وقد كان السلف يكرهون الشكوى إلى الخلق، والشكوى وإن كان فيها راحة إلا أنها تدل على ضعف وذل والصبر عنها دليل على قوة وعز. اهـ. من الثبات عند الممات .

"Para ulama salaf tidaklah suka mengeluh kepada manusia. Tindakan mengeluh meskipun membawa kenyamanan hati, hal itu menunjukkan kelemahan dan kehinaan diri, sedangkan bersabar dari mengungkapkan keluhan adalah bukti kekuatan dan kemuliaan diri."⁵

Sekian.

-----------------------------
¹ Zhihar adalah ungkapan suami menyerupakan istrinya dengan salah seorang mahramnya, seperti ibu atau saudara perempuan. Di zaman Jahiliah, masyarakat Arab menganggap zhihar sebagai salah satu cara talak.

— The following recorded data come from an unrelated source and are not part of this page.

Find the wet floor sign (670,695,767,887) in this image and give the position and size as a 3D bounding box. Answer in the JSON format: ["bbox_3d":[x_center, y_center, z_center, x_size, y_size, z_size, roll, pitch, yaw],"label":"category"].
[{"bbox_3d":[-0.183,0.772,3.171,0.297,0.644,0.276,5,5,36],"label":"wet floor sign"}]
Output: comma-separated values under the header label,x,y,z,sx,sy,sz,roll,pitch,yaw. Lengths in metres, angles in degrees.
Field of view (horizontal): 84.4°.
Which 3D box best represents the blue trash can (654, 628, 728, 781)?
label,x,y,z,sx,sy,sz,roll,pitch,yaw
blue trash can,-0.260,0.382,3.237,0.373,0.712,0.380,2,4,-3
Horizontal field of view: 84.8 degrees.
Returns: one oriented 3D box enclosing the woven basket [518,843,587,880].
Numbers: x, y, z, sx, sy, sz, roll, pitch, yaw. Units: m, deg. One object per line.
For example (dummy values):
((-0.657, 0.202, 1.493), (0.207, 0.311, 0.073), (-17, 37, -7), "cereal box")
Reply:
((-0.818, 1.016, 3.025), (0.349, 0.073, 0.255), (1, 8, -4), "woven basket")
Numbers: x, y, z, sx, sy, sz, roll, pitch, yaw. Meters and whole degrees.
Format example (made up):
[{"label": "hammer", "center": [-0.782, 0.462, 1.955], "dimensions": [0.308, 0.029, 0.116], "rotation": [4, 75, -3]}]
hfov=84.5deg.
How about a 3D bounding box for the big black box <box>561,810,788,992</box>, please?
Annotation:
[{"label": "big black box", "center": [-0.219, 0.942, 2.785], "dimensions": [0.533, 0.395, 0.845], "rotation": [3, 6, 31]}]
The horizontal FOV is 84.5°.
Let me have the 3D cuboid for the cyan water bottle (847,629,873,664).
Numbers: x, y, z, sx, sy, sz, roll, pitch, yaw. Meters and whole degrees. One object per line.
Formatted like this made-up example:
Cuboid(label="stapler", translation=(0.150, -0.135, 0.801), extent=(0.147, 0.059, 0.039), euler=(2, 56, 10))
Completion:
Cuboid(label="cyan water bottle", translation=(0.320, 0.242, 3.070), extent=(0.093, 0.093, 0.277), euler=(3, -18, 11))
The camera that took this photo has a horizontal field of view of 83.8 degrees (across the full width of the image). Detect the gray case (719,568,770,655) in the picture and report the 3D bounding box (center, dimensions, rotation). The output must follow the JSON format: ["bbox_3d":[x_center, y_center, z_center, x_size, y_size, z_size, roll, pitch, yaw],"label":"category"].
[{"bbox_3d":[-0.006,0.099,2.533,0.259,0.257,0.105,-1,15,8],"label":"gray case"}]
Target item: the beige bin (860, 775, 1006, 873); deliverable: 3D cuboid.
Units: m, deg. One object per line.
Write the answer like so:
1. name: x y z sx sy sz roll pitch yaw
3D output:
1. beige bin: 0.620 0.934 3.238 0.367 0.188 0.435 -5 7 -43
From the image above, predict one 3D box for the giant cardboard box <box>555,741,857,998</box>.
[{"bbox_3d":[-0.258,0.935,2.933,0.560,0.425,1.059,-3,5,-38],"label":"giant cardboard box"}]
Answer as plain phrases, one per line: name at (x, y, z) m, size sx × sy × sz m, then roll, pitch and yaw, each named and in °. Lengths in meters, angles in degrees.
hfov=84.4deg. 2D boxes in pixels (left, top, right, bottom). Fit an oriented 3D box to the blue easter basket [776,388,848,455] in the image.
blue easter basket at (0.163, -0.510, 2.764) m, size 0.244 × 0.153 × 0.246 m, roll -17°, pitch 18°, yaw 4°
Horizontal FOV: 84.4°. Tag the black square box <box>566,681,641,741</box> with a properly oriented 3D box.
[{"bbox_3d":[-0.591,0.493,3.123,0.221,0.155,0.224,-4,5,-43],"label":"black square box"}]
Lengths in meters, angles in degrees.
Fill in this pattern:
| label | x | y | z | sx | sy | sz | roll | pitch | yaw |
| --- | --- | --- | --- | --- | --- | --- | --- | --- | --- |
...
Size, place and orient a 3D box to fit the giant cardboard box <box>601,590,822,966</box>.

Namun, syariat Islam menetapkan zhihar dengan ketentuan lain selain talak. (Lihat: Mushthafa al-Khin, al-Fiqh al-Manhaji, vol IV/hlm. 146)
² Lathaif Qur'aniyyah, hlm. 126—128.
³ Keterangan serupa juga didapati dalam al-Iklil fi Istinbathit-Tanzil karya Imam as-Suyuthi (vol I/hlm. 156), Aysarut-Tafasir karya Syekh Abu Bakar al-Jazari (vol II/hlm. 641), al-Jami' li Ahkamil-Qur'an karya Imam Syamsuddin al-Qurthubi (vol IX/hlm. 252) serta kitab-kitab tafsir lainnya. Di situ dijelaskan, boleh mengadu jika tujuannya untuk mengetahui keadaan yang perlu diperbaiki atau diobati.
⁴ Imam Abu Hamid al-Ghazali, Ihya' 'Ulumiddin, vol IV/hlm. 84.
⁵ Ibnul-Jauzi, ats-Tsabat 'indal-Mamat, vol I/hlm. 55.